What is needed.
What is needed here is a verbatim copy of the records that follow.

════

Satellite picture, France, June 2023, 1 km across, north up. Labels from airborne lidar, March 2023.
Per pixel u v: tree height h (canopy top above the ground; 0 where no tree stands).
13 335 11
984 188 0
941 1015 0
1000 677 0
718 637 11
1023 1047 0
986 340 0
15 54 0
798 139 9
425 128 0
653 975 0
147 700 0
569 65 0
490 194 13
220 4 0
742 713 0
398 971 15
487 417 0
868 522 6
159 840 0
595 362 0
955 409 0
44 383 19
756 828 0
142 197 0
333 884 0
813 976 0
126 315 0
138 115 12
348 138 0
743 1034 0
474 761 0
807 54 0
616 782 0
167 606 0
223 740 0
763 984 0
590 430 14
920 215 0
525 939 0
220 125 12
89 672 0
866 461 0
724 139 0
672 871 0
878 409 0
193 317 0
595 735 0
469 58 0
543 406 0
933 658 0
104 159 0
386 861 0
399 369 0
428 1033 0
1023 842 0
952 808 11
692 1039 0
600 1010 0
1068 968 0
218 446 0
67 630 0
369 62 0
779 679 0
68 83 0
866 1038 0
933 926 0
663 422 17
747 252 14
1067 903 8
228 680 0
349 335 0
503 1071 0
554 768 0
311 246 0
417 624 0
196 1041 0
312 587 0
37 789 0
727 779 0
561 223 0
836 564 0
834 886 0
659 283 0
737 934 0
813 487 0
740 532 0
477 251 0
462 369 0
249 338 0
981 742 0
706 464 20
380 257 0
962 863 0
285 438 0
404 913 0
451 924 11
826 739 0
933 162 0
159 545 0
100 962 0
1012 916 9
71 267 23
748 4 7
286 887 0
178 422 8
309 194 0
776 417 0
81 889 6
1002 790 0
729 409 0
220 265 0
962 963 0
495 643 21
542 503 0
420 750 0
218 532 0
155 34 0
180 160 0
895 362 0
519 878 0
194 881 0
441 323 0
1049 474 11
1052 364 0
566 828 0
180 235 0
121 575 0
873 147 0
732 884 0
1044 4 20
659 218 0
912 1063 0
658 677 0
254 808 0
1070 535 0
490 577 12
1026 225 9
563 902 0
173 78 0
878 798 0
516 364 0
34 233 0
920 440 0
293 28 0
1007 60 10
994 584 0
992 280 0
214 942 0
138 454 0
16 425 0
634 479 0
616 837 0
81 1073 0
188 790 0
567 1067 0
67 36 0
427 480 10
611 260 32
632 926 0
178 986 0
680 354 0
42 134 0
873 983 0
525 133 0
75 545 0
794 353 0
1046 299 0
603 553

════

Your response.
Satellite picture, France, June 2023, 1 km across, north up. Labels from airborne lidar, March 2023.
Per pixel u v: tree height h (canopy top above the ground; 0 where no tree stands).
13 335 11
984 188 0
941 1015 0
1000 677 0
718 637 11
1023 1047 0
986 340 0
15 54 0
798 139 9
425 128 0
653 975 0
147 700 0
569 65 0
490 194 13
220 4 0
742 713 0
398 971 15
487 417 0
868 522 6
159 840 0
595 362 0
955 409 0
44 383 19
756 828 0
142 197 0
333 884 0
813 976 0
126 315 0
138 115 12
348 138 0
743 1034 0
474 761 0
807 54 0
616 782 0
167 606 0
223 740 0
763 984 0
590 430 14
920 215 0
525 939 0
220 125 12
89 672 0
866 461 0
724 139 0
672 871 0
878 409 0
193 317 0
595 735 0
469 58 0
543 406 0
933 658 0
104 159 0
386 861 0
399 369 0
428 1033 0
1023 842 0
952 808 11
692 1039 0
600 1010 0
1068 968 0
218 446 0
67 630 0
369 62 0
779 679 0
68 83 0
866 1038 0
933 926 0
663 422 17
747 252 14
1067 903 8
228 680 0
349 335 0
503 1071 0
554 768 0
311 246 0
417 624 0
196 1041 0
312 587 0
37 789 0
727 779 0
561 223 0
836 564 0
834 886 0
659 283 0
737 934 0
813 487 0
740 532 0
477 251 0
462 369 0
249 338 0
981 742 0
706 464 20
380 257 0
962 863 0
285 438 0
404 913 0
451 924 11
826 739 0
933 162 0
159 545 0
100 962 0
1012 916 9
71 267 23
748 4 7
286 887 0
178 422 8
309 194 0
776 417 0
81 889 6
1002 790 0
729 409 0
220 265 0
962 963 0
495 643 21
542 503 0
420 750 0
218 532 0
155 34 0
180 160 0
895 362 0
519 878 0
194 881 0
441 323 0
1049 474 11
1052 364 0
566 828 0
180 235 0
121 575 0
873 147 0
732 884 0
1044 4 20
659 218 0
912 1063 0
658 677 0
254 808 0
1070 535 0
490 577 12
1026 225 9
563 902 0
173 78 0
878 798 0
516 364 0
34 233 0
920 440 0
293 28 0
1007 60 10
994 584 0
992 280 0
214 942 0
138 454 0
16 425 0
634 479 0
616 837 0
81 1073 0
188 790 0
567 1067 0
67 36 0
427 480 10
611 260 32
632 926 0
178 986 0
680 354 0
42 134 0
873 983 0
525 133 0
75 545 0
794 353 0
1046 299 0
603 553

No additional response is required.